With his last breath, Durrant asserted his blamelessness, but the words had barely left his lips when the hangman sprang the trap and Durrant dropped the three feet below the gallows.

The short drop snapped his neck and the body hung there for several minutes gently swaying like a pendulum before two convicts were brought in to lower it down. The hood still covering Durrant's face, the doctor pronounced him dead and the body was placed in the black lacquer coffin. Theo Durrant's handsome features were marred by the hanging. His blue eyes which some people claimed were pale to the point of glassiness bulged from his face and his blackened tongue protruded from between his lips.

It was thus that his parents received him in that small white room off the San Quentin execution chamber, and he remained that way as they enjoyed their afternoon meal..

As the prison officials withdrew from the side room to give the grieving parents time with their dead child, Mrs. Durrant was heard to say, "please papa, give me a little more of the roast."
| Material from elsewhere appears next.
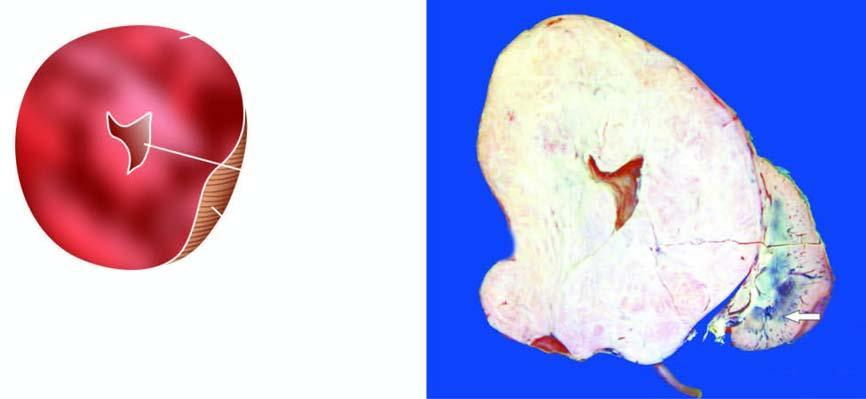what does the sectioned surface show?
Answer the question using a single word or phrase. Replacement of almost whole kidney 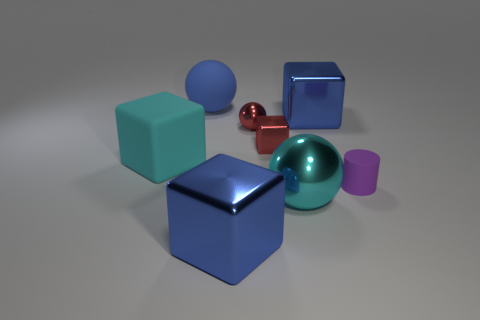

Sketch: Theo Durrant's parents dine after his execution
Sketch: Theo Durrant's
parents dine after his
execution

The story of Theo Durrant did not end there, however. His crimes were so heinous and the public so outraged that no cemetery in San Francisco would accept his bones. His parents finally had Theo cremated and buried his ashes in Los Angeles.

Whatever motivated Theo Durrant to kill two women in the space of nine days was never explained. His parents' behavior after his death was suggestive of a coldness and distance that may have pervaded the Durrant house.

Undoubtedly Theo Durrant would have continued to kill had his first two victims not been discovered so soon. His crimes have all the earmarks of the standard lust murderer who is driven to kill over and over until he is finally brought to justice.

The great lengths he went to to ensure his victims' sufferings, the lack of care he demonstrated once he was finished and the denial or lack of remorse could only mean that Theo Durrant would not have stopped with just two victims. Like Bundy, Durrant was charming and handsome and, on cursory examination, the last person anyone would expect to be pegged as a homicidal maniac. But unlike Bundy, Durrant was not able to move outside his social circle to find his victims. Bundy was able to charm strangers into trusting him, knowing that if he killed too close to his home he could be caught.

This brings up an interesting aside. Since Durrant's killings were clearly sexual in nature, what if he had lived in a more permissive society, say for example late 20th century rather than 19th century San Francisco. Was it the fact that there were no Victorian singles' bars the thing that kept his body count down? Thankfully, these questions need not be answered.